Breaking News

Rabu, 29 April 2026

Meninggal di Taiwan, Jenazah Pekerja Migran Asal Purwodadi Dipulangkan

 



Grobogan – Radartujuh, Jenazah Pekerja Migran Indonesia asal Grobogan yang meninggal dunia di Taiwan akhirnya tiba di kampung halaman dan disambut suasana duka oleh keluarga serta warga sekitar.

Pekerja Migran Indonesia tersebut diketahui bernama Archi Xaviera, warga Grobogan yang meninggal dunia saat bekerja di Taiwan dan jenazahnya dipulangkan ke tanah air pada Rabu (29/4/2026).

Jenazah Archi Xaviera langsung dibawa menuju rumah duka di Lingkungan Kalongan RT 1 RW 1, Kecamatan Purwodadi, setibanya di Grobogan.

Kedatangan jenazah disambut tangis keluarga yang telah menunggu sejak pagi hari di rumah duka. Prosesi serah terima jenazah berlangsung khidmat dan dihadiri berbagai pihak terkait.

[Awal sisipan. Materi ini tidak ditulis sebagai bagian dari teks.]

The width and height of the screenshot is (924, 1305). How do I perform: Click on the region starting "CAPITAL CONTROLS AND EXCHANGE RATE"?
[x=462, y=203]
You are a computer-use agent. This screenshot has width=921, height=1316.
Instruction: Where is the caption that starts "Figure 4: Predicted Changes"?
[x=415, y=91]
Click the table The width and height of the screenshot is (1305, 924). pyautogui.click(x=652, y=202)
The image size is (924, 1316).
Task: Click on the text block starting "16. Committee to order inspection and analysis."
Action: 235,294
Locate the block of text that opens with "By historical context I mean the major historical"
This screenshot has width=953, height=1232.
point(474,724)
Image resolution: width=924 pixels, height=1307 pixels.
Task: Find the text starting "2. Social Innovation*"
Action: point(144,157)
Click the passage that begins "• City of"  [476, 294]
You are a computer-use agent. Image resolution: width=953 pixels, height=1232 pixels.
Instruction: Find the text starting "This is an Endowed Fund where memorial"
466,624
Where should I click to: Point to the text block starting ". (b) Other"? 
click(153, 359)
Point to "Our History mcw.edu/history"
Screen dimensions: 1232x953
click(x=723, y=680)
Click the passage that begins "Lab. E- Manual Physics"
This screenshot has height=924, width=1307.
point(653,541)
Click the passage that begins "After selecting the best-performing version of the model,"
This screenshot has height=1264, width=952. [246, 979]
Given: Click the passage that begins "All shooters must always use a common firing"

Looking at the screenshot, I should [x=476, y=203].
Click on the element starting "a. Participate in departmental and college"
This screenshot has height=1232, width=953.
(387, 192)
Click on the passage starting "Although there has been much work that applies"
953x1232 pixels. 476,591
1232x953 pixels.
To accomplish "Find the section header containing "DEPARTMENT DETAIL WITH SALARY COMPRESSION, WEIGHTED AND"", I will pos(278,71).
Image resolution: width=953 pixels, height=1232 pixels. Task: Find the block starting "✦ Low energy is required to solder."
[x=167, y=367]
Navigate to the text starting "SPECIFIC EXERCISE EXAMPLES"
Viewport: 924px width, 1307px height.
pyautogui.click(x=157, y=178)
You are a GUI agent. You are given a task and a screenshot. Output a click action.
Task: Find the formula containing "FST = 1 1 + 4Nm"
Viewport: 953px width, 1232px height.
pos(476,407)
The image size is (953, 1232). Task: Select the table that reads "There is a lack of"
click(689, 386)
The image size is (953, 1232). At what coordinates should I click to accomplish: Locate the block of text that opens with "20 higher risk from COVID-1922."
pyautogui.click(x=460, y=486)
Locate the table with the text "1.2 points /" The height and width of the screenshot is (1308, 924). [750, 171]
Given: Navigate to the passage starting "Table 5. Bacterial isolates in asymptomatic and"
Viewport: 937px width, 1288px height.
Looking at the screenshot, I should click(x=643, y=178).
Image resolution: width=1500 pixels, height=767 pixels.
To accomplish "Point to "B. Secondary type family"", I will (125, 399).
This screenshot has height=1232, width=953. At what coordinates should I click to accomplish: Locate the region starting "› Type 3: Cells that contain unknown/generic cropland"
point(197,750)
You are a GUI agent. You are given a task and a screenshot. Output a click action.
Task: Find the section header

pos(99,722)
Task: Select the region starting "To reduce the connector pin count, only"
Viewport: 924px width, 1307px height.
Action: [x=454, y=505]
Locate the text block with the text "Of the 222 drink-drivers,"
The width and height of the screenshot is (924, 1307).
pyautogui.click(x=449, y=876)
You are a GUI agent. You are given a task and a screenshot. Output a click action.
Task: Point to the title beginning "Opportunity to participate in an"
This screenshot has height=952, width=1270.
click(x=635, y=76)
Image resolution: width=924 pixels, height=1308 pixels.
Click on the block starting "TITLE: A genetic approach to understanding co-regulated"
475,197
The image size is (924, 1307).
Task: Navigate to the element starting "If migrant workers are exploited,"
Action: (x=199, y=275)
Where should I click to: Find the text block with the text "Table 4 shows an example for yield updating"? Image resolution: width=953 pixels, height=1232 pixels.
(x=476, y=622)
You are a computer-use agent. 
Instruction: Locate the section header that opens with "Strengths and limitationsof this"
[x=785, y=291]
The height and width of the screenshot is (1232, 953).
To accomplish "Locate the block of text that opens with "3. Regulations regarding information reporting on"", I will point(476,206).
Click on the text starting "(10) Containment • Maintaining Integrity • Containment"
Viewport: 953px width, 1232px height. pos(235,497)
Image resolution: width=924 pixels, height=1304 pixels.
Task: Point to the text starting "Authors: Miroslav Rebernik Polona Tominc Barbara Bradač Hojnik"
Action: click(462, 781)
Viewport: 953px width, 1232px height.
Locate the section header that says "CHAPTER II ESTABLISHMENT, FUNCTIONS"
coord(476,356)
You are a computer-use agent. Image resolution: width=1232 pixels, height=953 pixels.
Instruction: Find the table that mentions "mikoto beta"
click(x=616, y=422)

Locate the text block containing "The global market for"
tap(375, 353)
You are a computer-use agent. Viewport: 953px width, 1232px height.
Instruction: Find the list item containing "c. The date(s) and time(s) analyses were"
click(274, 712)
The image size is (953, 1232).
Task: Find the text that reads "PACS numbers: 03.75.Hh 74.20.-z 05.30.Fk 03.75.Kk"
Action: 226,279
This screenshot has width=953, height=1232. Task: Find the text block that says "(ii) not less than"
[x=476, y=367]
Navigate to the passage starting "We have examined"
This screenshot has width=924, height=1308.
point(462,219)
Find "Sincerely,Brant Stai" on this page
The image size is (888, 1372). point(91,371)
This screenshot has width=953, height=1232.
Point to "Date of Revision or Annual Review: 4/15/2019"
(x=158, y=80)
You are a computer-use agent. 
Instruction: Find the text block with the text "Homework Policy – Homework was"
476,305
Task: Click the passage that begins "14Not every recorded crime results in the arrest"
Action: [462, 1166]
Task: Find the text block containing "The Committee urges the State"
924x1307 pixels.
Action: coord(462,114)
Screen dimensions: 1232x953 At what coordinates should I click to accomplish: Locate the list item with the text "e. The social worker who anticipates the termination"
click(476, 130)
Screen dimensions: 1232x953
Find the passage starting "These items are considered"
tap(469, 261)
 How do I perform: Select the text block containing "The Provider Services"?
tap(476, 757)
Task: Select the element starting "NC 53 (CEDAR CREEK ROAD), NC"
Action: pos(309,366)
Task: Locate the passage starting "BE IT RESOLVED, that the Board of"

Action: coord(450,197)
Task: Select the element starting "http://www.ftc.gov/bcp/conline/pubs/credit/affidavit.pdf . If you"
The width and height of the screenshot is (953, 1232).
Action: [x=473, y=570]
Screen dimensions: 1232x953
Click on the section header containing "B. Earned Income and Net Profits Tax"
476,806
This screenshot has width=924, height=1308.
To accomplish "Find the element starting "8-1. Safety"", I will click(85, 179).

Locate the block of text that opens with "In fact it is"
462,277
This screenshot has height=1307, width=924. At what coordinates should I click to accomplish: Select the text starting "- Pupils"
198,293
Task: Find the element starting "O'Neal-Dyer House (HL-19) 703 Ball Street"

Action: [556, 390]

Archi Xaviera diketahui merupakan pemuda berusia 23 tahun yang bekerja sebagai PMI di Taiwan. Ia dilaporkan meninggal dunia saat menjalankan pekerjaannya di luar negeri.

Informasi terkait penyebab kematian diperoleh dari Disnakertrans Grobogan yang mendapatkan informasi resmi dari pihak berwenang. Hal itu disampaikan Kepala Disnakertrans Grobogan, Teguh Harjokusumo melalui Kabid Penempatan Tenaga Kerja, Roni.

“Kami mendapatkan informasi dari Kedubes Indonesia di Taiwan melalui BP3MI yang menjelaskan bahwa Saudara Archi Xaviera meninggal dunia karena sakit dengan indikasi serangan jantung pada Sabtu 4 April 2026,” jelas Roni.

Pihak Disnakertrans Grobogan juga menjelaskan bahwa almarhum berangkat ke Taiwan secara prosedural dan legal.

“Sejak berangkat, almarhum belum pernah pulang ke Indonesia,” tambah Roni.

Archi diketahui berangkat bekerja ke Taiwan melalui PT Graha Cipta Utama Tangerang pada tahun 2020. Selama bekerja di luar negeri, ia belum sempat kembali ke tanah air untuk menemui keluarganya di Kota Purwodadi.

Berkoordinasi

Kapolsek Purwodadi, AKP Siswanto, menyatakan pihaknya turut hadir dalam proses serah terima jenazah.

“Usai serahterima, jenazah dikebumikan di TPU Kalongan,” jelas AKP Siswanto dalam keterangannya.

Ia juga menyebut pihak kepolisian telah berkoordinasi sejak awal menerima kabar duka tersebut.

“Sejak mendapatkan kabar meninggalnya almarhum, kami langsung berkoordinasi dengan Disnakertrans Grobogan. Dari hasil pengecekan, yang bersangkutan resmi terdata di Disnakertrans Grobogan secara legal,” tambah AKP Siswanto.

Menuru AKP Siswanto, pihak keluarga almarhum menerima kepergian Archi dengan penuh keikhlasan.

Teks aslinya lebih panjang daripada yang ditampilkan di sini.